58 Comments

Dear Matt, trying to be short but here it goes!

A few years ago I wrapped my thoughts into a book written by Paul Theroux called Dark Star Safari, where he puts mildly his desire to go to a place where he can't be reached for some time. Eventually, he starts a journey throughout East Africa, without any means of communication. I remember that at the time I could understand such desire of his as I felt the same. I ended up doing the same but in another continent a couple years later. Alone, some of the deepest of my thoughts and conflicts came to the surface at that moment. For a while, paradoxically, the quietness made me feel incredibly alive!

Coming back home, the so called FOMO, the sense of time fading away, my inability to control the outcomes and any other questions arose into a spiral of self-doubts where lately I started feeling the need to be quiet again.

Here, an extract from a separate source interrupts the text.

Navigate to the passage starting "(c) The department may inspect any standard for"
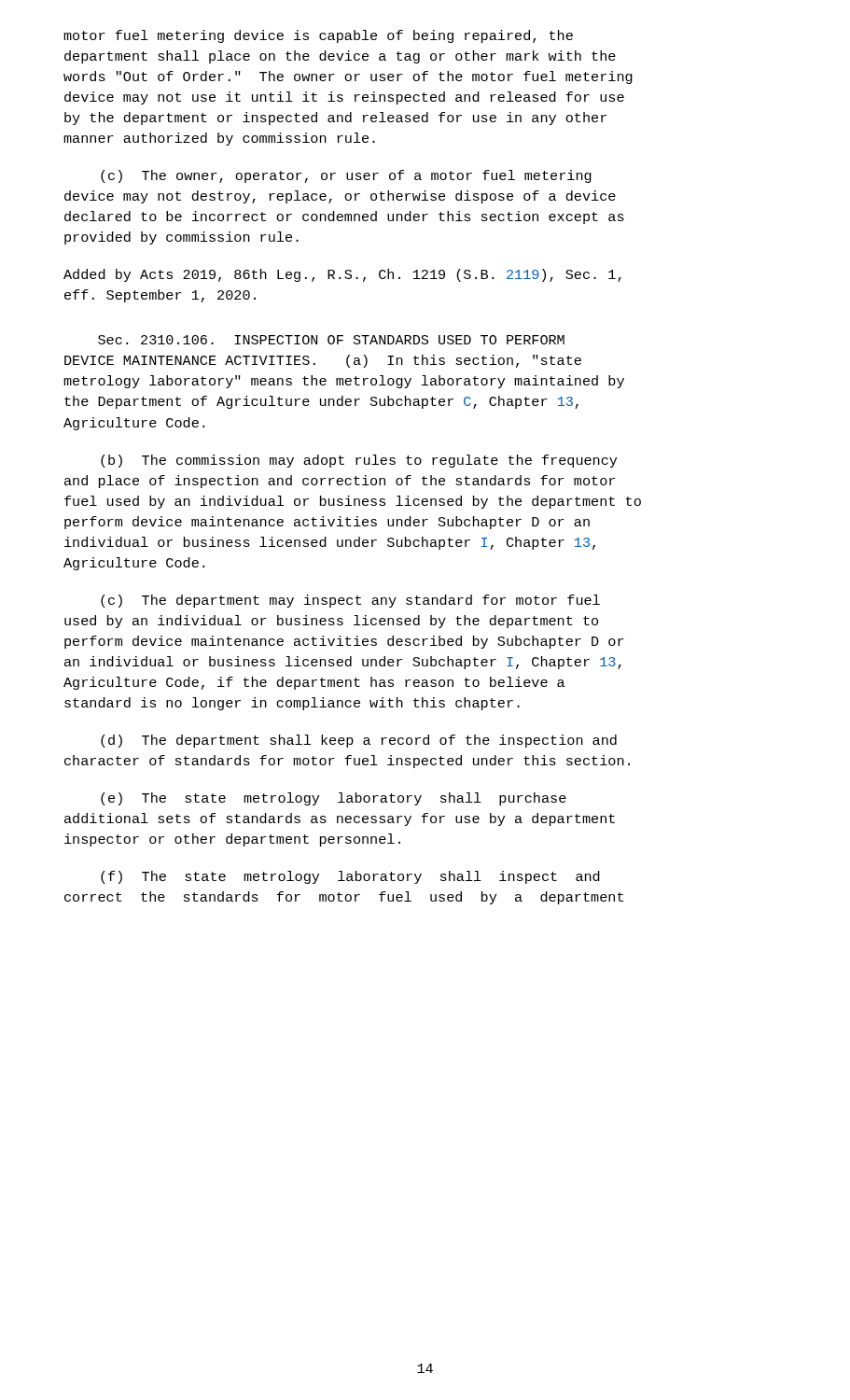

Today, getting the notification for such words written by you felt like the most intimate act of being understood. This exposure you put of yourself through this writings are not only incredible to relate to, but also to see (which would feel at first sight incoherent considering that to reach such thoughts, an incredible amount of solitude is needed) how we are all humans dealing together with the chaos of our minds.

I don't have enough words to express how much I enjoy your newsletter and how much I identify in practical and abstract terms!

Keep doing such good job and I hope you never forget how we can always go back to this place we found within ourselves! It is always a mountain to conquer!

In any case, you got yourself a book recommendation!

Abraço, Gabi!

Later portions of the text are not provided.